* Available records:
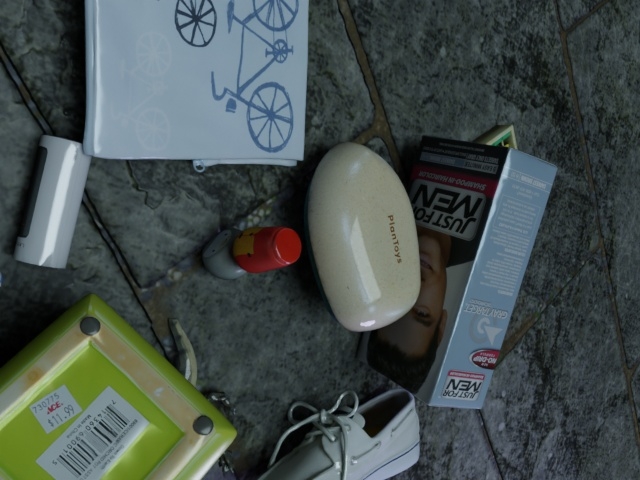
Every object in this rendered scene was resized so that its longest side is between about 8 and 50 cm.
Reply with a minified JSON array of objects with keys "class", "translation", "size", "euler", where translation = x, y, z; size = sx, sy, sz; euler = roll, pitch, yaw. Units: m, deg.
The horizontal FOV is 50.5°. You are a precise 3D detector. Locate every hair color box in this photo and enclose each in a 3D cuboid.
[{"class":"hair color box","translation":[0.198,0.042,1.029],"size":[0.114,0.185,0.374],"euler":[13,96,-34]}]

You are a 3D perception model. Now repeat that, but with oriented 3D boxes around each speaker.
[{"class":"speaker","translation":[-0.282,-0.039,0.718],"size":[0.055,0.055,0.136],"euler":[14,89,-42]}]

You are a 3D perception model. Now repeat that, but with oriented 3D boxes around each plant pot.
[{"class":"plant pot","translation":[-0.225,0.198,0.653],"size":[0.227,0.207,0.228],"euler":[44,62,-1]}]

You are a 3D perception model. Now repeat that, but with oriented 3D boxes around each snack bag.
[{"class":"snack bag","translation":[-0.135,-0.244,0.800],"size":[0.343,0.037,0.323],"euler":[-9,105,-48]}]

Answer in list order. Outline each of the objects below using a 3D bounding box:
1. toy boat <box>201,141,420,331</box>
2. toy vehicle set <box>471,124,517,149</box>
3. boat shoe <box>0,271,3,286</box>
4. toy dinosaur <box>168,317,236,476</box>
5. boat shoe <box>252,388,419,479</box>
[{"class":"toy boat","translation":[0.000,0.000,0.923],"size":[0.318,0.148,0.267],"euler":[-6,88,-45]},{"class":"toy vehicle set","translation":[0.268,-0.077,1.204],"size":[0.267,0.035,0.166],"euler":[-35,119,-31]},{"class":"boat shoe","translation":[-0.383,0.099,0.655],"size":[0.066,0.066,0.183],"euler":[34,65,-34]},{"class":"toy dinosaur","translation":[-0.166,0.242,0.868],"size":[0.118,0.064,0.268],"euler":[15,84,-35]},{"class":"boat shoe","translation":[0.024,0.293,0.991],"size":[0.367,0.136,0.156],"euler":[-10,104,-43]}]
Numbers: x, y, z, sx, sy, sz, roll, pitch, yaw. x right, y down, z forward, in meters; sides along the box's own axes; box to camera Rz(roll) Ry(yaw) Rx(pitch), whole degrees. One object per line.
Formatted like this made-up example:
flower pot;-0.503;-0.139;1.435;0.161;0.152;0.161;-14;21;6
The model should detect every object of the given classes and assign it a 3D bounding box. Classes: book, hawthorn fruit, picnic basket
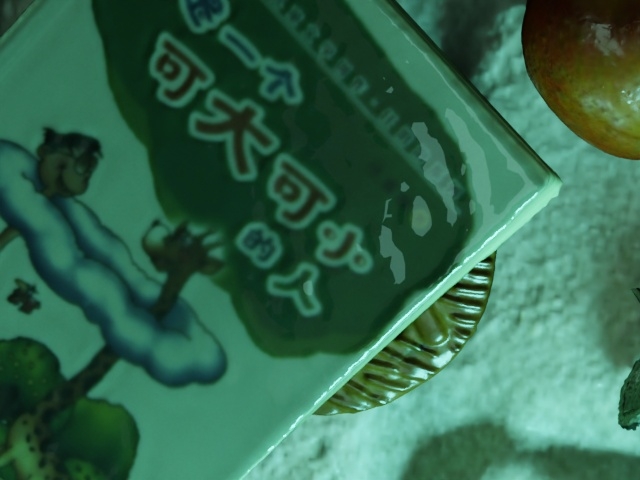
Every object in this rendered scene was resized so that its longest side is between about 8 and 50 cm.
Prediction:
book;-0.094;0.002;1.007;0.371;0.043;0.260;-45;82;16
hawthorn fruit;0.156;-0.100;0.946;0.125;0.140;0.125;-1;67;2
picnic basket;0.184;0.067;0.986;0.083;0.065;0.083;-26;110;16

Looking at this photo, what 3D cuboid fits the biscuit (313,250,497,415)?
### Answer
biscuit;0.000;0.000;1.023;0.187;0.027;0.188;1;98;10

* Your instructions: State how many lines of the records above contain the word "roll", giving only that number.

* Output for this exercise: 2